Contohnya, pada 14 Maret 2025, Tim Gabungan dari BPBD Provinsi Jawa Barat dan Kedeputian Modifikasi Cuaca BMKG, bertolak dari Bandara Husein Sastranegara menggunakan Pesawat CASA NC212-200 yang dikemudikan para pilot dari TNI-AU.
Pesawat itu juga membawa bahan semai NaCl untuk operasi modifikasi cuaca dengan target pertumbuhan awan yang diarahkan oleh BMKG. Tujuan dari Operasi Modifikasi Cuaca (OMC) ini adalah untuk menurunkan intensitas hujan lebat sehingga sesuai dengan daya tampung lingkungan dan mengurangi dampak bencana hidrometeorologi.
Dilansir dari keterangan yang diunggah melalui akun Instagram BPBD Jawa Barat, “kegiatan dari Posko Operasi Modifikasi Cuaca Dalam Rangka Mitigasi Bencana Hidrometeorologi di Lanud Husein Sastranegara ini dilakukan serentak dengan Posko Halim Perdanakusuma yang dilakukan Pemprov DKI Jakarta mulai 11-20 Maret 2025. Kegiatan ini juga didampingi oleh tim dari Kedeputian Kedaruratan BNPB.” tulis dalam keterangan.

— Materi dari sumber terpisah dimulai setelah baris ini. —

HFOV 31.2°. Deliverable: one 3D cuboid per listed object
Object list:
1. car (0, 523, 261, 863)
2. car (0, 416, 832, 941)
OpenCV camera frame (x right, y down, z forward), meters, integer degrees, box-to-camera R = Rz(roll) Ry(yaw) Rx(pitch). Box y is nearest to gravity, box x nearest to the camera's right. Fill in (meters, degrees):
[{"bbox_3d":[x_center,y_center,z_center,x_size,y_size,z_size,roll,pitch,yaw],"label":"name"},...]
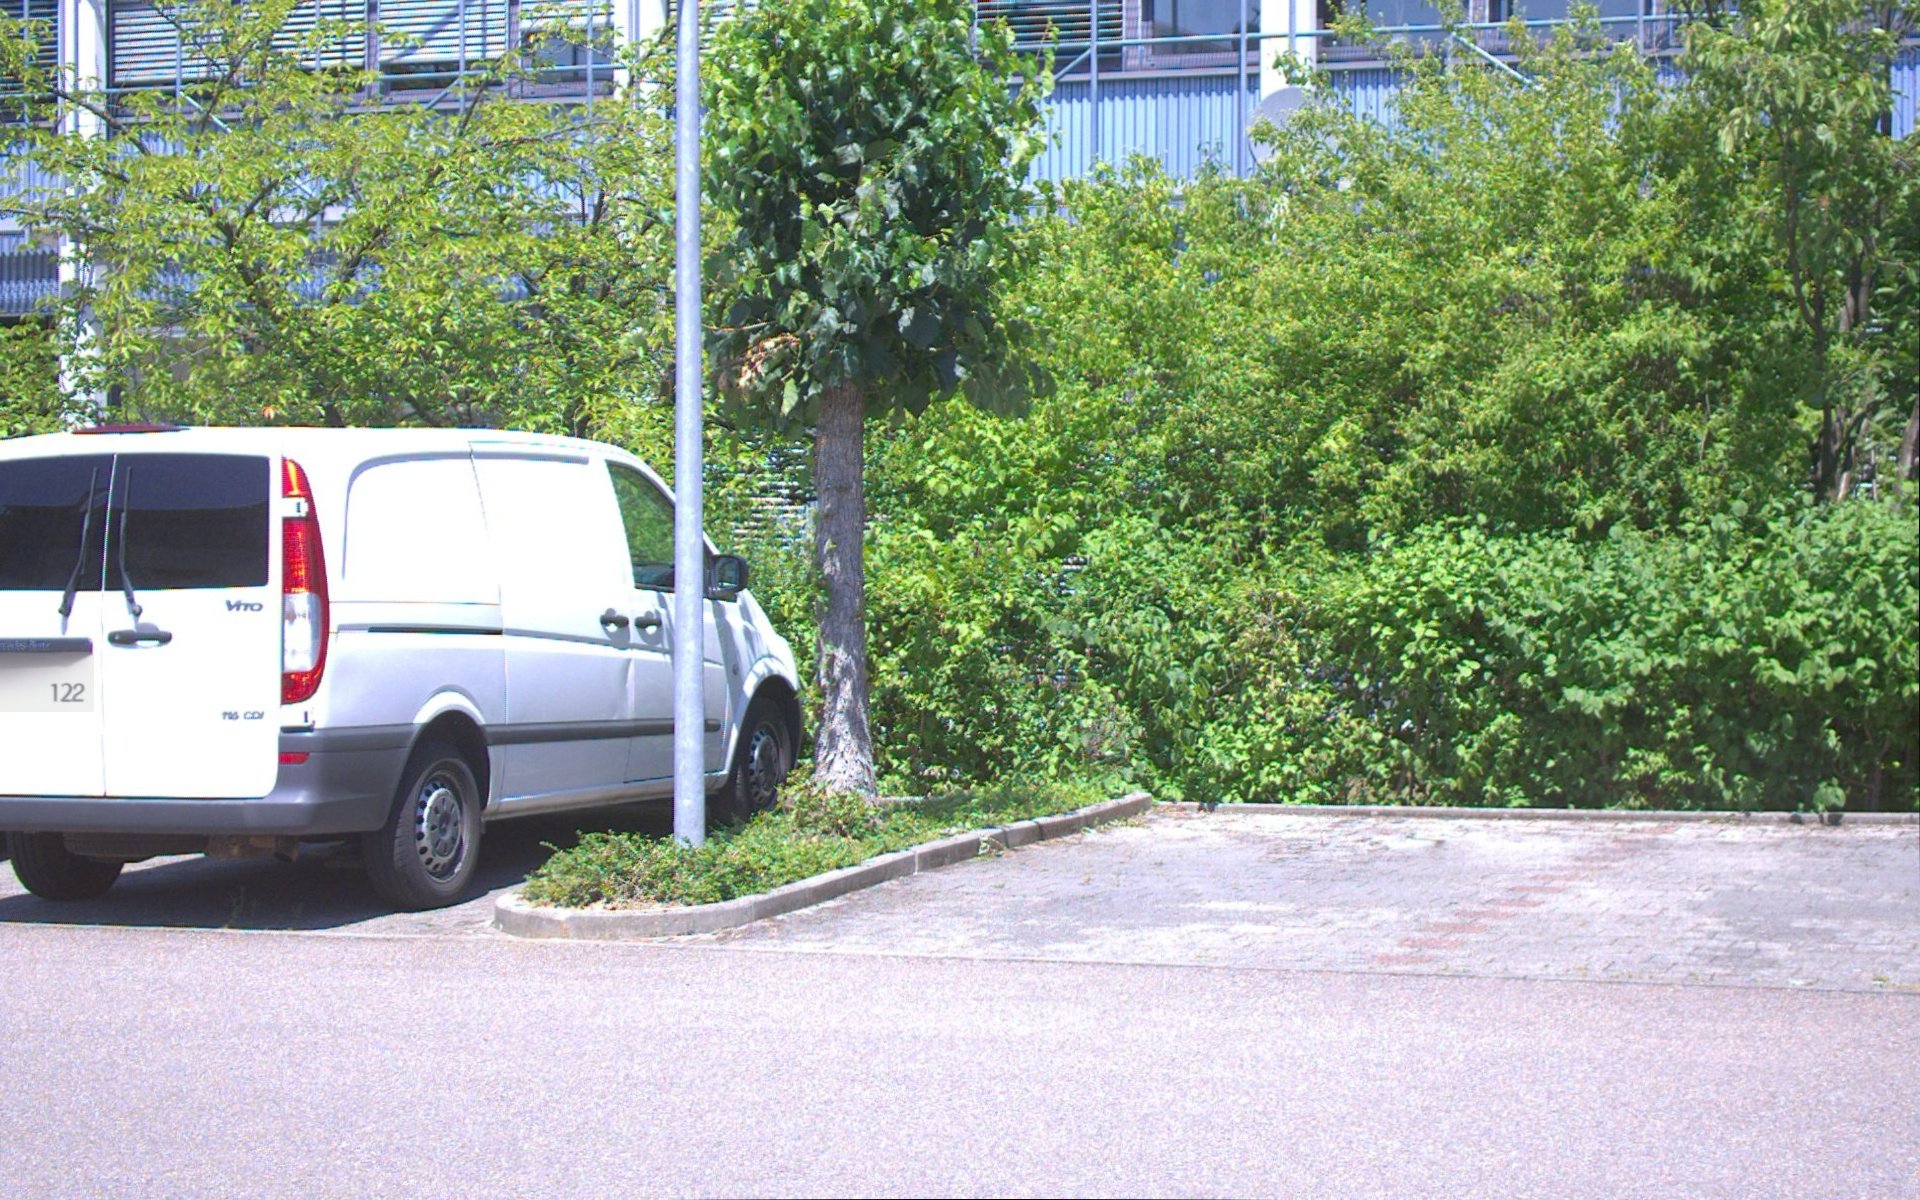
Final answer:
[{"bbox_3d":[-4.991,0.421,16.367,1.755,1.471,3.998,-1,2,12],"label":"car"},{"bbox_3d":[-2.383,0.201,14.983,1.915,1.898,4.803,-1,2,20],"label":"car"}]

Cara Kerja OMC Singkatnya:
- Pantau cuaca dulu dong! BMKG ngecek kondisi awan, kelembapan, dan kecepatan angin.
- Pesawat siap terbang! Tim dari TNI-AU dan BPBD naik pesawat dan siap tabur garam.
- Tabur garam di awan! Partikel garam membantu air di awan cepat bersatu dan jatuh lebih cepat.
- Hujan turun di tempat yang lebih aman. Banjir bisa dikurangi, longsor bisa dicegah.
Sekeren apa pun teknologi modifikasi cuaca, kalau kita masih abai sama lingkungan, bencana tetap bakal datang. Jadi, selain berharap pada teknologi, kita juga harus mulai berubah.
Kita bisa mulai dari hal-hal simpel seperti tidak membuang sampah sembarangan agar selokan tetap lancar, menjaga pohon dan hutan supaya air bisa terserap dengan baik, menggunakan air secara bijak karena air bersih makin langka, serta membangun kota yang lebih ramah lingkungan dengan perencanaan yang baik agar risiko bencana bisa diminimalisir. Selain itu, edukasi sejak dini juga penting, karena dengan memahami mitigasi bencana, kita nggak gampang panik saat menghadapi cuaca ekstrem.
Jadi, intinya kita nggak bisa ngandelin teknologi doang. Modifikasi cuaca bisa membantu, tapi kesadaran manusia tetap nomor satu. Yuk, mulai peduli sama lingkungan biar kita nggak kebanjiran masalah di masa depan!